Пока Березкин вытирался, надевал гимнастерку, Глушков рассказывал ему о событиях, произошедших в утренние часы.
— По пищеблоку ударил «ванюшей», кладовщика убило, во втором батальоне помначштаба вышел оправиться, его в плечо осколком подранило; в саперном батальоне бойцы судака, глушенного бомбой, выловили, кило на пять, я ходил смотреть, комбату, товарищу капитану Мовшовичу, в подарок снесли. Заходил товарищ комиссар, велел, когда проснетесь, позвонить.
— Понятно, — сказал Березкин.

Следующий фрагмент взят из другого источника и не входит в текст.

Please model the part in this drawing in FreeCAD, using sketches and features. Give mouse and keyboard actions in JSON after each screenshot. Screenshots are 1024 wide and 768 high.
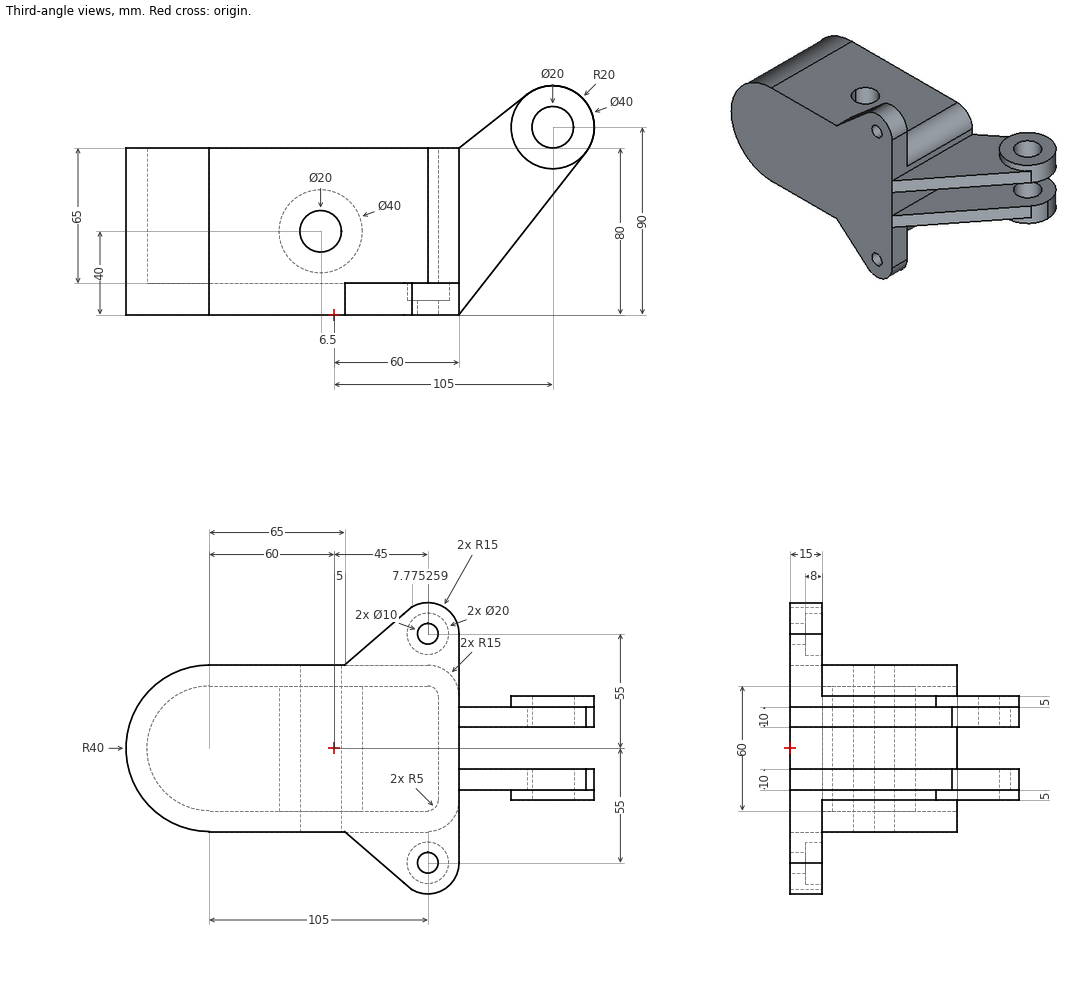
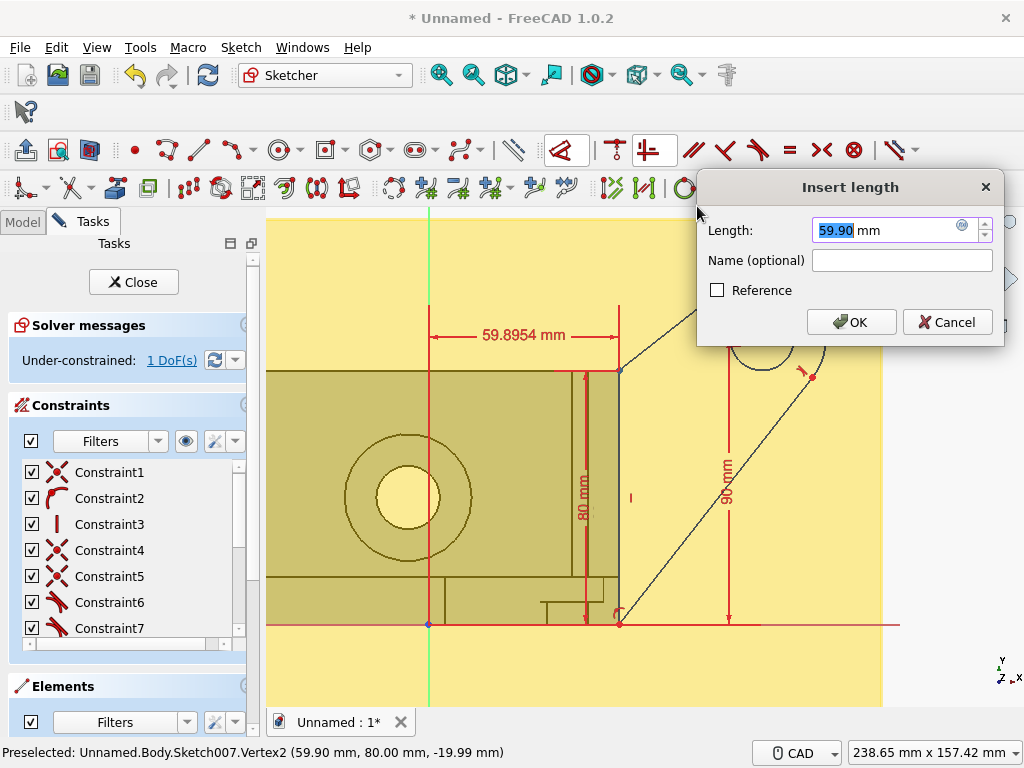
{"action": "type", "text": "60"}
{"action": "key", "text": "Return"}

Он выпил чашку чаю, поел студня из телячьих ножек, позвонил комиссару и начальнику штаба, сказал, что отправляется в батальоны, надел ватник и пошел к двери.

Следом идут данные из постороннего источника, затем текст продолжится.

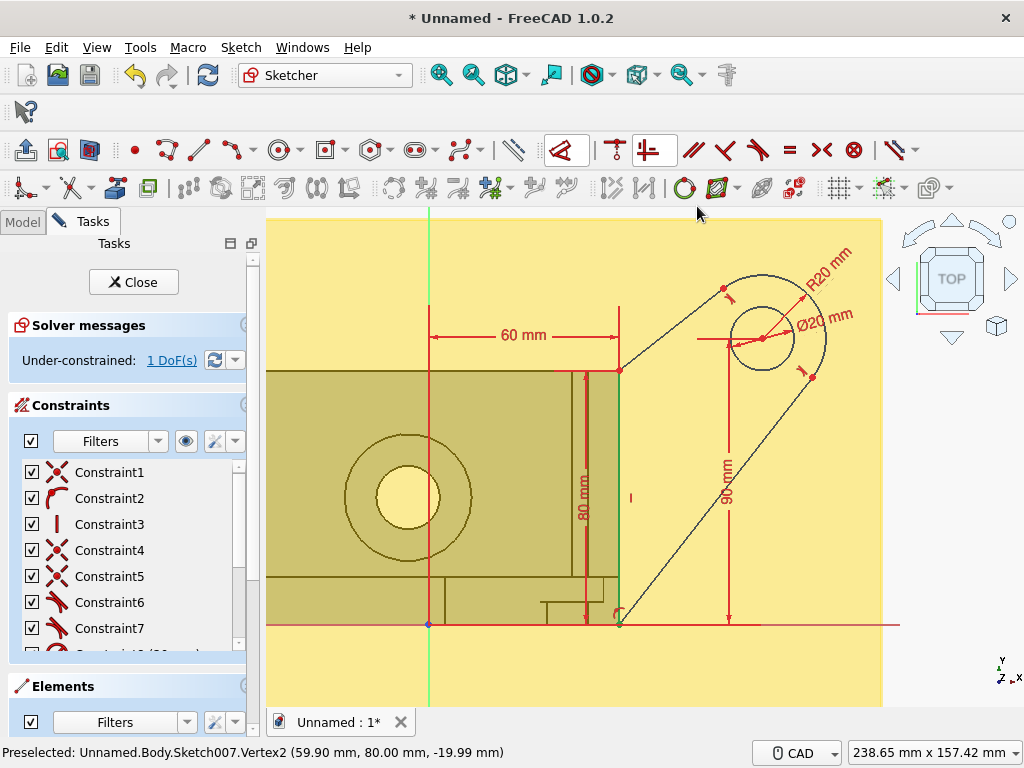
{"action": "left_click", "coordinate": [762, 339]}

Глушков встряхнул полотенце, повесил его на гвоздик, пощупал гранату на боку, похлопал себя по карману — на месте ли кисет — и, взяв в углу автомат, пошел за командиром полка.
Березкин вышел из полутемного блиндажа и зажмурился от белого света. Ставшая за месяц знакомой картина лежала перед ним, — глинистая осыпь, бурый откос весь в пятнах засаленных плащ-палаток, прикрывавших солдатские землянки, дымящие трубы самодельных печей. Наверху темнели заводские корпуса со снесенными крышами.
Левее, ближе к Волге, возвышались заводские трубы «Красного Октября», громоздились товарные вагоны, как ошалевшее стадо, сбившееся вокруг тела убитого вожака, лежащего на боку паровоза. А еще дальше виднелось широкое кружево мертвых городских развалин, и осеннее небо просвечивало сквозь бреши окон тысячами голубых пятен.
Меж заводских цехов поднимался дым, мелькало пламя, и ясный воздух был полон то тягучим шелестом, то сухим, дробным тарахтением. Казалось, что заводы работают полным ходом.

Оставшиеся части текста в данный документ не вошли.